The very next day I stumbled into a mini crisis about these conversations. I happen to be reading Nataly Kogan’s book Happier Now, and I came across this passage:
We live in a society, especially in America, where we’re expected to manage our emotions and shift the negative into a positive. “Don’t cry, have a cookie. Don’t be angry, have a toy,” says my friend Emily Fletcher, who runs Ziva Meditation, a meditation studio in New York. “We hear this all the time. We’ve been trained since childhood to not feel our feelings because it makes other people uncomfortable. We’ve been taught to not feel what we feel if it’s not something good.”
I had the sudden worry: is this what I am doing? Am I pressuring my daughter with so-called “toxic positivity?” It’s true that sometimes I have little patience with loved ones’ misery. The problem is that since I have developed what I think is a very clear definition of what makes a person happy/unhappy, sometimes I feel like I am looking through a crystal ball and seeing exactly what the problem is. I get frustrated when my advice goes ignored. I want to help my loved ones be happier, and it can be hard to watch them choose otherwise (or so it may seem to me).
For example, for a while my husband, Mr. Transportation, would come home from a work trip and spend at least the first 30 minutes of being home ranting about how rotten his work trip was: the passengers or flight attendants were rude, the hotels were cruddy, the shuttles took too long, his colleagues nattered on about politics, and so on and so on. I tried to be sympathetic, but it got to the point where I dreaded his return, knowing whatever joy I was feeling would quickly be overwhelmed by his stream of negativity. I eventually got fed up and told him, “If you’re so miserable at work, do something about it! Go find another job. It’s your choice, but if you’re going to insist on staying where you are, I don’t want to hear your complaints.” He did have good reasons for staying with his company. What I failed to see was that the decision wasn’t as easy for him as it seemed for me, and to this day I’m not sure I made the right decision to step away as an outlet for his frustrations. Perhaps there was a better approach I could have taken. [He did stay with his company and quit complaining to me, circumstances eventually improved, and staying put probably has benefitted us more than harmed us (especially during COVID).]

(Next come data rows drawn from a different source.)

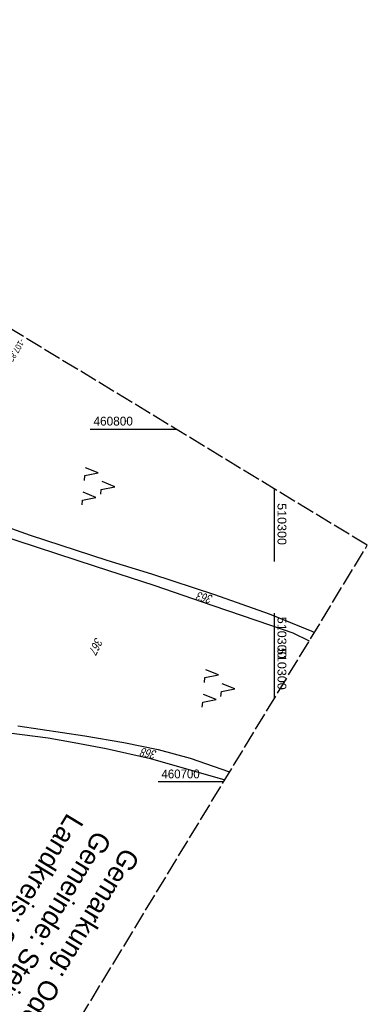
# Model space of a CAD drawing. Extents: x 509601 to 510326, y 459976 to 460916.
# Tile 39 of 39: x 510228 to 510326, y 460637 to 460916. Entities that reach past the tile are written whole.
import ezdxf

# ---------------------------------------------------------------- set-up
doc = ezdxf.new("R2010")
doc.units = 0
doc.header["$LTSCALE"] = 10
doc.header["$MEASUREMENT"] = 0
doc.linetypes.add('LT00', pattern=[0])
doc.linetypes.add('LT14', pattern=[0.6, 0.5, -0.1])
doc.layers.get('0').update_dxf_attribs({"linetype": 'LT00'})
doc.layers.add('-BLATT_109-RAND', color=7, linetype='LT14', plot=False)
for name, color, linetype in [('ABSTAND', 8, 'LT00'), ('DFK_FLUR_NR', 250, 'LT00'), ('DFK_KATASTER', 250, 'LT00'), ('DFK_NUTZUNG', 250, 'LT00'), ('GRENZNAME_B', 250, 'Continuous'), ('V108_RASTER', 250, 'LT00'), ('V109_RASTER', 250, 'LT00')]:
    doc.layers.add(name, color=color, linetype=linetype)
doc.styles.get("Standard").update_dxf_attribs({"font": 'ARIAL.TTF'})
doc.styles.add('UNIR-H', font='unir_h.shx', dxfattribs={"width": 0.8})

# ---------------------------------------------------------------- blocks, each defined once
blk = doc.blocks.new('SYMB7221')
at = {"color": 0, "linetype": 'ByBlock'}
for p, q in [((0, 0.435), (-0.11, 0.065)), ((0.11, 0.065), (0, 0.435)), ((0.25, 0.065), (0.11, 0.065)), ((-0.35, -0.065), (-0.46, -0.435)), ((0.35, -0.065), (0.24, -0.435))]:
    blk.add_line(p, q, dxfattribs=at)
for points in [[(-0.1, -0.435), (-0.24, -0.435), (-0.35, -0.065)], [(0.6, -0.435), (0.46, -0.435), (0.35, -0.065)]]:
    blk.add_lwpolyline(points, dxfattribs=at)

msp = doc.modelspace()

# ---------------------------------------------------------------- linework, layer by layer
at = {"layer": '-BLATT_109-RAND'}
msp.add_lwpolyline([(510081.13, 460916.02), (509600.99, 460125.39), (509846.3, 459976.42), (510326.44, 460767.05), (510081.13, 460916.02)], dxfattribs=at)
at = {"layer": 'DFK_KATASTER'}
for p, q in [((510219.99, 460773.79), (510230.88, 460769.92)), ((510217.34, 460771.62), (510249.29, 460761.1)), ((510230.88, 460769.92), (510252.59, 460762.8)), ((510252.59, 460762.8), (510265.29, 460758.94)), ((510249.29, 460761.1), (510265.93, 460755.76)), ((510265.29, 460758.94), (510283.12, 460753.07)), ((510265.93, 460755.76), (510282.65, 460750.01)), ((510283.12, 460753.07), (510298.63, 460747.66)), ((510282.65, 460750.01), (510299, 460744.4)), ((510298.63, 460747.66), (510310.74, 460742.71)), ((510299, 460744.4), (510305.36, 460742.26)), ((510310.74, 460742.71), (510311.44, 460742.36)), ((510305.36, 460742.26), (510309.99, 460739.97)), ((510227.45, 460715.93), (510246.39, 460713.03)), ((510224.99, 460713.92), (510236.03, 460712.48)), ((510236.03, 460712.48), (510243.4, 460711.14)), ((510246.39, 460713.03), (510257.44, 460711.17)), ((510243.4, 460711.14), (510252.43, 460709.48)), ((510252.43, 460709.48), (510265.03, 460706.59)), ((510257.44, 460711.17), (510267.19, 460709.14)), ((510267.19, 460709.14), (510276.21, 460706.71)), ((510265.03, 460706.59), (510277.18, 460703.14)), ((510276.21, 460706.71), (510287.43, 460702.83)), ((510277.18, 460703.14), (510286.08, 460700.59))]:
    msp.add_line(p, q, dxfattribs=at)
at = {"layer": 'V108_RASTER'}
msp.add_line((510300, 460738.95), (510300, 460723.52), dxfattribs=at)
at = {"layer": 'V109_RASTER'}
for p, q in [((510247.92, 460800), (510272.18, 460800)), ((510300, 460783.11), (510300, 460762.48)), ((510300, 460747.78), (510300, 460723.52)), ((510285.72, 460700), (510267.22, 460700))]:
    msp.add_line(p, q, dxfattribs=at)

# ---------------------------------------------------------------- block references
at = {"layer": 'DFK_NUTZUNG', "xscale": 10.00000000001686, "yscale": 10, "zscale": 10, "rotation": 264.7377100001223}
for p in [(510250.52, 460784.07), (510284.55, 460726.77)]:
    msp.add_blockref('SYMB7221', p, dxfattribs=at)

# ---------------------------------------------------------------- texts
at = {"layer": 'ABSTAND', "width": 0.75}
msp.add_text(' -107.82-', height=1.8, rotation=-121.0235, dxfattribs=at).set_placement((510228.32, 460826.28))
at = {"layer": 'DFK_FLUR_NR', "oblique": 13.754, "width": 0.75}
for s, rotation, p in [('363', 165.5255, (510282.88, 460752.81)), ('367', 243.5238, (510249.47, 460741.13)), ('368', 168.4636, (510266.96, 460708.79))]:
    msp.add_text(s, height=2.5, rotation=rotation, dxfattribs=at).set_placement(p)
at = {"layer": 'GRENZNAME_B', "insert": (510262.22, 460678.84), "char_height": 5.6, "attachment_point": 1, "rotation": 238.7304, "style": 'UNIR-H'}
msp.add_mtext('{\\W1;Gemarkung: Oder\\PGemeinde: Steinberg\\PLandkreis: Schwandorf}', dxfattribs=at)
at = {"layer": 'V108_RASTER', "width": 1.017}
msp.add_text(' 510300', height=2.5, rotation=-90.0019, dxfattribs=at).set_placement((510301, 460738.95))
at = {"layer": 'V109_RASTER'}
for s, rotation, width, p in [(' 460800', -0.0012, 0.958, (510247.92, 460801)), (' 510300', -90.0012, 1.017, (510301, 460779.98)), (' 510300', -90.0012, 1.017, (510301, 460747.78)), (' 460700', -0.0012, 0.928, (510267.22, 460701))]:
    msp.add_text(s, height=2.5, rotation=rotation, dxfattribs=dict(at, width=width)).set_placement(p)

doc.saveas('drawing.dxf')
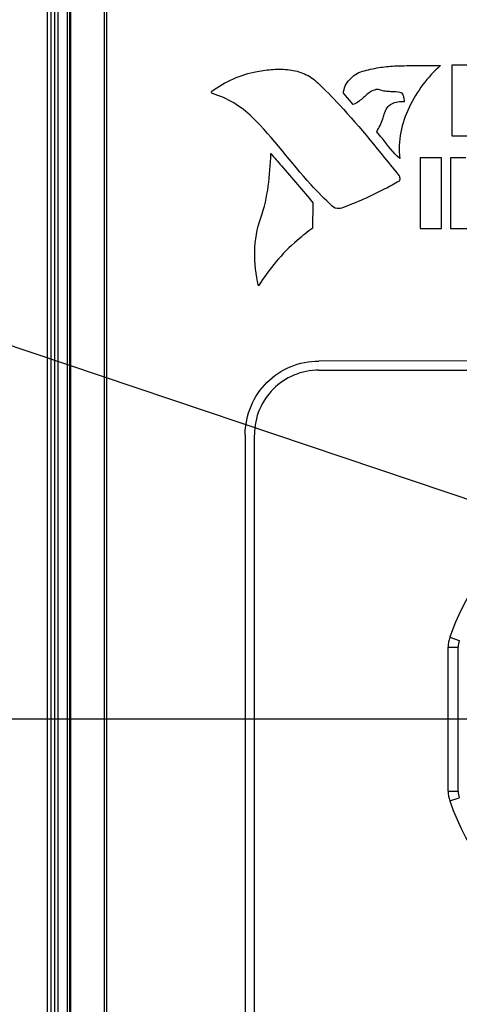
# Model space of a CAD drawing. Header units: inches. Extents: x 0 to 34, y 0 to 22.
# Tile 10 of 88: x 9.934 to 10.437, y 11.97 to 13.097. Entities that reach past the tile are written whole.
import ezdxf

# ---------------------------------------------------------------- set-up
doc = ezdxf.new("R2010")
doc.units = ezdxf.units.IN
doc.header["$LTSCALE"] = 1.87
doc.header["$MEASUREMENT"] = 0
doc.layers.get('0').update_dxf_attribs({"linetype": 'CONTINUOUS'})
doc.layers.add('DIMENSIONS', color=7, linetype='CONTINUOUS')
doc.styles.get("Standard").update_dxf_attribs({"font": 'txt', "width": 0.8})
doc.dimstyles.new('DIMSTYLE_1', dxfattribs={"dimtxt": 0.125, "dimasz": 0.18, "dimexe": 0.125, "dimexo": 0.0625, "dimgap": 0.03125, "dimtad": 0, "dimtih": 1, "dimtoh": 1, "dimdsep": 46, "dimtxsty": 'STANDARD', "dimblk": '_FILLED', "dimblk1": '_FILLED', "dimblk2": '_FILLED', "dimcen": 0.09, "dimadec": 0, "dimazin": 0, "dimtp": 0.001, "dimtm": 0.001, "dimtfac": 1, "dimtofl": 0, "dimtmove": 0, "dimatfit": 3, "dimldrblk": '_FILLED', "dimfxl": 1, "dimtolj": 1, "dimarcsym": 0})
doc.dimstyles.new('DIMSTYLE_4', dxfattribs={"dimtxt": 0.125, "dimasz": 0.18, "dimexe": 0.125, "dimexo": 0.0625, "dimgap": 0.09, "dimtad": 0, "dimtih": 1, "dimtoh": 1, "dimdsep": 46, "dimtxsty": 'STANDARD', "dimblk": '_FILLED', "dimblk1": '_FILLED', "dimblk2": '_FILLED', "dimcen": 0.09, "dimadec": 0, "dimazin": 0, "dimtp": 0.001, "dimtm": 0.001, "dimtfac": 1, "dimtofl": 0, "dimtmove": 0, "dimatfit": 2, "dimldrblk": '_FILLED', "dimfxl": 1, "dimtolj": 1, "dimarcsym": 0})

# ---------------------------------------------------------------- blocks, each defined once
blk = doc.blocks.new('*D16')
at = {"layer": 'DIMENSIONS', "color": 2, "linetype": 'CONTINUOUS'}
blk.add_line((10.5107, 12.2964), (9.1374, 12.2964), dxfattribs=at)
at = {"layer": 'DIMENSIONS', "color": 2, "linetype": 'CONTINUOUS', "insert": (9.0749, 12.3589), "char_height": 0.125, "width": 1.025, "attachment_point": 3, "line_spacing_factor": 0.9}
blk.add_mtext('57{\\Ftxt.shx;\\W1.000000;\\H0.125000; }[2.244]', dxfattribs=at)
blk = doc.blocks.new('_FILLED')
at = {"color": 0, "linetype": 'BYBLOCK'}
blk.add_solid([(0, 0), (-1, 0.1736), (-1, -0.1736)], dxfattribs=at)
blk = doc.blocks.new('*D17')
at = {"layer": 'DIMENSIONS', "color": 2, "linetype": 'CONTINUOUS'}
blk.add_line((10.5107, 11.3121), (9.1374, 11.3121), dxfattribs=at)
at = {"layer": 'DIMENSIONS', "color": 2, "linetype": 'CONTINUOUS', "insert": (9.0749, 11.3746), "char_height": 0.125, "width": 1.025, "attachment_point": 3, "line_spacing_factor": 0.9}
blk.add_mtext('82{\\Ftxt.shx;\\W1.000000;\\H0.125000; }[3.228]', dxfattribs=at)
blk = doc.blocks.new('*D18')
at = {"layer": 'DIMENSIONS', "color": 2, "linetype": 'CONTINUOUS'}
blk.add_line((10.5107, 10.3279), (9.1374, 10.3279), dxfattribs=at)
at = {"layer": 'DIMENSIONS', "color": 2, "linetype": 'CONTINUOUS', "insert": (9.0749, 10.3904), "char_height": 0.125, "width": 1.125, "attachment_point": 3, "line_spacing_factor": 0.9}
blk.add_mtext('107{\\Ftxt.shx;\\W1.000000;\\H0.125000; }[4.213]', dxfattribs=at)
blk = doc.blocks.new('*D19')
at = {"layer": 'DIMENSIONS', "color": 2, "linetype": 'CONTINUOUS'}
blk.add_line((10.5107, 9.3436), (9.1374, 9.3436), dxfattribs=at)
at = {"layer": 'DIMENSIONS', "color": 2, "linetype": 'CONTINUOUS', "insert": (9.0749, 9.4061), "char_height": 0.125, "width": 1.125, "attachment_point": 3, "line_spacing_factor": 0.9}
blk.add_mtext('132{\\Ftxt.shx;\\W1.000000;\\H0.125000; }[5.197]', dxfattribs=at)
blk = doc.blocks.new('*D20')
at = {"layer": 'DIMENSIONS', "color": 2, "linetype": 'CONTINUOUS'}
blk.add_line((10.3828, 8.32), (9.1374, 8.32), dxfattribs=at)
at = {"layer": 'DIMENSIONS', "color": 2, "linetype": 'CONTINUOUS', "insert": (9.0749, 8.3825), "char_height": 0.125, "width": 1.125, "attachment_point": 3, "line_spacing_factor": 0.9}
blk.add_mtext('158{\\Ftxt.shx;\\W1.000000;\\H0.125000; }[6.220]', dxfattribs=at)
blk = doc.blocks.new('*D21')
at = {"layer": 'DIMENSIONS', "color": 2, "linetype": 'CONTINUOUS'}
blk.add_line((10.5524, 8.0355), (9.1374, 8.0355), dxfattribs=at)
at = {"layer": 'DIMENSIONS', "color": 2, "linetype": 'CONTINUOUS', "insert": (9.0749, 8.098), "char_height": 0.125, "width": 1.425, "attachment_point": 3, "line_spacing_factor": 0.9}
blk.add_mtext('165.23{\\Ftxt.shx;\\W1.000000;\\H0.125000; }[6.505]', dxfattribs=at)
blk = doc.blocks.new('*D33')
at = {"layer": 'DIMENSIONS', "color": 2, "linetype": 'CONTINUOUS'}
for p, q in [((9.2629, 12.9462), (9.1454, 12.9462)), ((11.1336, 12.3168), (9.2629, 12.9462))]:
    blk.add_line(p, q, dxfattribs=at)
at = {"layer": 'DIMENSIONS', "color": 2, "linetype": 'CONTINUOUS', "xscale": 0.18, "yscale": 0.18, "zscale": 0.18, "rotation": 341.4030218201}
blk.add_blockref('_FILLED', (11.1336, 12.3168), dxfattribs=at)
at = {"layer": 'DIMENSIONS', "color": 2, "linetype": 'CONTINUOUS', "insert": (9.0829, 13.0087), "char_height": 0.125, "width": 1.691667, "attachment_point": 3, "line_spacing_factor": 0.9}
blk.add_mtext('12X \\Fgdt;{\\Fgdt;n}\\Ftxt;3.25{\\Ftxt.shx;\\W1.000000;\\H0.125000; }[.128]\\PLEDS', dxfattribs=at)

msp = doc.modelspace()

# ---------------------------------------------------------------- linework, layer by layer
at = {"color": 7, "linetype": 'CONTINUOUS'}
for p, q in [((9.9661, 9.009), (9.9661, 14.8751)), ((9.97, 9.009), (9.97, 14.8751)), ((9.9739, 14.8751), (9.9739, 9.009)), ((9.9778, 14.8751), (9.9778, 9.009)), ((9.9883, 14.8751), (9.9883, 9.009)), ((9.9914, 9.009), (9.9914, 14.8751)), ((9.9926, 9.009), (9.9926, 14.8751)), ((10.0307, 14.8751), (10.0307, 9.009)), ((10.0334, 14.8751), (10.0334, 9.009)), ((10.4289, 13.0446), (10.4289, 12.9638)), ((10.4466, 13.0446), (10.4289, 13.0446)), ((10.3047, 13.0124), (10.3154, 12.9997)), ((10.4289, 12.9638), (10.4481, 12.9638)), ((10.3926, 12.9388), (10.3926, 12.858)), ((10.4169, 12.9388), (10.3926, 12.9388)), ((10.4169, 12.858), (10.4169, 12.9388)), ((10.4273, 12.9388), (10.4273, 12.858)), ((10.445, 12.9388), (10.4273, 12.9388)), ((10.2698, 12.8584), (10.2702, 12.8869)), ((10.3926, 12.858), (10.4169, 12.858)), ((10.4273, 12.858), (10.4465, 12.858)), ((10.8429, 12.7063), (10.2767, 12.7062)), ((10.2767, 12.6958), (10.8429, 12.6958)), ((10.1923, 12.6219), (10.1923, 10.9941)), ((10.2028, 10.9941), (10.2028, 12.6219)), ((10.4265, 12.39), (10.4374, 12.3863)), ((10.4246, 12.2141), (10.4246, 12.3786)), ((10.4246, 12.3786), (10.4361, 12.3786)), ((10.4361, 12.2141), (10.4361, 12.3786)), ((10.4246, 12.2141), (10.4361, 12.2141)), ((10.4265, 12.2027), (10.4374, 12.2064))]:
    msp.add_line(p, q, dxfattribs=at)
for centre, radius, start, end in [((10.6982, 12.2964), 0.2874, 45.9959, 160.9759), ((10.4597, 12.3786), 0.0351, 160.964, 180.0119), ((10.4597, 12.3786), 0.0236, 160.9607, 180.0151), ((10.4597, 12.2141), 0.0351, 179.9881, 199.0361), ((10.4597, 12.2141), 0.0236, 179.9848, 199.0394), ((10.6982, 12.2964), 0.2874, 199.0241, 340.9759)]:
    msp.add_arc(centre, radius, start, end, dxfattribs=at)
for points, knots in [([(10.154, 13.015), (10.1618, 13.0204), (10.1782, 13.0301), (10.1965, 13.0358), (10.2058, 13.0375)], [0, 0, 0, 0, 0.501612, 1, 1, 1, 1]), ([(10.2058, 13.0375), (10.212, 13.0387), (10.2243, 13.0404), (10.2428, 13.0402), (10.2606, 13.0357), (10.2709, 13.0289), (10.2753, 13.0247)], [0, 0, 0, 0, 0.256254, 0.507822, 0.751769, 1, 1, 1, 1]), ([(10.3047, 13.0124), (10.305, 13.0183), (10.3107, 13.0296), (10.321, 13.0362), (10.3266, 13.0378)], [0, 0, 0, 0, 0.502992, 1, 1, 1, 1]), ([(10.3266, 13.0378), (10.3327, 13.0395), (10.3448, 13.0424), (10.3646, 13.0442), (10.3882, 13.0443), (10.4058, 13.0443), (10.4159, 13.0444)], [0, 0, 0, 0, 0.211167, 0.414296, 0.66086, 1, 1, 1, 1]), ([(10.4159, 13.0444), (10.4085, 13.0378), (10.3948, 13.0229), (10.3789, 12.9971), (10.3689, 12.9684), (10.3679, 12.948), (10.3692, 12.9381)], [0, 0, 0, 0, 0.24777, 0.501316, 0.752244, 1, 1, 1, 1]), ([(10.1548, 13.0123), (10.1543, 13.0125), (10.1534, 13.0134), (10.1536, 13.0148), (10.154, 13.015)], [0, 0, 0, 0, 0.558693, 1, 1, 1, 1]), ([(10.2753, 13.0247), (10.2838, 13.0165), (10.3168, 12.9827), (10.3464, 12.9458), (10.3684, 12.9182)], [0, 0, 0, 0, 0.250994, 1, 1, 1, 1]), ([(10.337, 13.0149), (10.3331, 13.0129), (10.3268, 13.0066), (10.3197, 13.0009), (10.3154, 12.9997)], [0, 0, 0, 0, 0.498977, 1, 1, 1, 1]), ([(10.3461, 13.0166), (10.3453, 13.0169), (10.3421, 13.0174), (10.3391, 13.0159), (10.337, 13.0149)], [0, 0, 0, 0, 0.252425, 1, 1, 1, 1]), ([(10.3707, 13.0133), (10.3669, 13.0144), (10.3608, 13.0143), (10.3525, 13.0147), (10.3482, 13.0158), (10.3461, 13.0166)], [0, 0, 0, 0, 0.47628, 0.721749, 1, 1, 1, 1]), ([(10.2003, 12.9853), (10.1939, 12.9915), (10.1797, 13.0025), (10.1633, 13.0097), (10.1548, 13.0123)], [0, 0, 0, 0, 0.499618, 1, 1, 1, 1]), ([(10.3515, 12.9887), (10.3522, 12.9913), (10.3542, 12.9961), (10.3618, 13.0028), (10.3695, 13.0034), (10.3744, 13.0032)], [0, 0, 0, 0, 0.274823, 0.50605, 1, 1, 1, 1]), ([(10.3744, 13.0032), (10.3745, 13.0032), (10.3747, 13.004), (10.3746, 13.0053), (10.374, 13.0082), (10.373, 13.0111), (10.3716, 13.0131), (10.3707, 13.0133)], [0, 0, 0, 0, 0.039209, 0.132963, 0.428434, 0.755066, 1, 1, 1, 1]), ([(10.2919, 12.8834), (10.2834, 12.8912), (10.2515, 12.924), (10.2246, 12.9613), (10.2003, 12.9853)], [0, 0, 0, 0, 0.251964, 1, 1, 1, 1]), ([(10.3429, 12.9685), (10.3454, 12.9733), (10.3488, 12.9799), (10.3511, 12.9869), (10.3515, 12.9887)], [0, 0, 0, 0, 0.745342, 1, 1, 1, 1]), ([(10.3692, 12.9381), (10.3614, 12.9445), (10.3536, 12.9557), (10.3451, 12.966), (10.3429, 12.9685)], [0, 0, 0, 0, 0.751059, 1, 1, 1, 1]), ([(10.2101, 12.8701), (10.2143, 12.8818), (10.2197, 12.9063), (10.2211, 12.9311), (10.2217, 12.9435)], [0, 0, 0, 0, 0.50066, 1, 1, 1, 1]), ([(10.2217, 12.9435), (10.2257, 12.9388), (10.2421, 12.9201), (10.2584, 12.9014), (10.2702, 12.8869)], [0, 0, 0, 0, 0.248327, 1, 1, 1, 1]), ([(10.3684, 12.9182), (10.3691, 12.9172), (10.3693, 12.9153), (10.3692, 12.9132), (10.3688, 12.9122), (10.3684, 12.912)], [0, 0, 0, 0, 0.54682, 0.818953, 1, 1, 1, 1]), ([(10.3684, 12.912), (10.3631, 12.9089), (10.3418, 12.8973), (10.3195, 12.8874), (10.3024, 12.8811)], [0, 0, 0, 0, 0.252771, 1, 1, 1, 1]), ([(10.3024, 12.8811), (10.3015, 12.8807), (10.2978, 12.8802), (10.2939, 12.8816), (10.2919, 12.8834)], [0, 0, 0, 0, 0.261987, 1, 1, 1, 1]), ([(10.2076, 12.7922), (10.2046, 12.805), (10.2014, 12.8313), (10.2057, 12.8578), (10.2101, 12.8701)], [0, 0, 0, 0, 0.501176, 1, 1, 1, 1]), ([(10.2698, 12.8584), (10.2636, 12.854), (10.2396, 12.8352), (10.2194, 12.8117), (10.2076, 12.7922)], [0, 0, 0, 0, 0.251479, 1, 1, 1, 1]), ([(10.1923, 12.6219), (10.1923, 12.633), (10.1968, 12.6552), (10.2156, 12.683), (10.2434, 12.7018), (10.2656, 12.7062), (10.2767, 12.7062)], [0, 0, 0, 0, 0.254179, 0.499903, 0.745683, 1, 1, 1, 1]), ([(10.2767, 12.6958), (10.2669, 12.6958), (10.2475, 12.6919), (10.2232, 12.6754), (10.2067, 12.6511), (10.2028, 12.6317), (10.2028, 12.6219)], [0, 0, 0, 0, 0.254325, 0.50011, 0.745832, 1, 1, 1, 1])]:
    msp.add_open_spline(points, degree=3, knots=knots, dxfattribs=at)

# ---------------------------------------------------------------- dimensions: what is measured, and where the dimension line sits
at = {"layer": 'DIMENSIONS', "color": 2, "linetype": 'CONTINUOUS'}
for feature_location, offset, origin, picture, middle in [((10.5524239, 8.0354565), (-1.4150407, 0), (10.6149239, 14.5404559), '*D21', (8.3623832, 8.0354565)), ((10.5107, 10.3279), (-1.3733, 0), (10.5732, 14.5405), '*D18', (8.5124, 10.3279)), ((10.5107, 9.3436), (-1.3733, 0), (10.5732, 14.5405), '*D19', (8.5124, 9.3436)), ((10.3828, 8.32), (-1.2454, 0), (10.4453, 14.5405), '*D20', (8.5124, 8.32)), ((10.5107, 12.2964), (-1.3733, 0), (10.5732, 14.5405), '*D16', (8.5624, 12.2964)), ((10.5107, 11.3121), (-1.3733, 0), (10.5732, 14.5405), '*D17', (8.5624, 11.3121))]:
    dim = msp.add_ordinate_dim(feature_location=feature_location, offset=offset, dtype=0, origin=origin, dimstyle='DIMSTYLE_1', dxfattribs=at)
    dim.commit()
    dim.dimension.update_dxf_attribs({"geometry": picture, "text_midpoint": middle})
dim = msp.add_diameter_dim_2p(p1=(11.1336, 12.3168), p2=(11.2549, 12.276), text='12X %%c<>\\PLEDS', dimstyle='DIMSTYLE_4', override={"dimpost": '<>'}, dxfattribs=at)
dim.commit()
dim.dimension.update_dxf_attribs({"geometry": '*D33', "text_midpoint": (8.2371, 12.8369), "dimtype": 163})

doc.saveas('drawing.dxf')

However, after mulling over my conversations with my daughter, I don’t think I’m advocating toxic positivity. I am generally supportive of her feeling her feelings when it matters. There are plenty of those times, such as feeling sad when she leaves after a visit with family or feeling betrayed when someone does something she has specifically asked them not to do. The trick is distinguishing between those moments, the trivial and the consequential. If anything, Happier Now brought to my attention how careful I may need to be in helping Pumpkin differentiate the two.
How skilled are you at focusing on the positive in your day-to-day life? Have you tried any gratitude exercises to help you find more positivity? If so, I’d love to hear about them.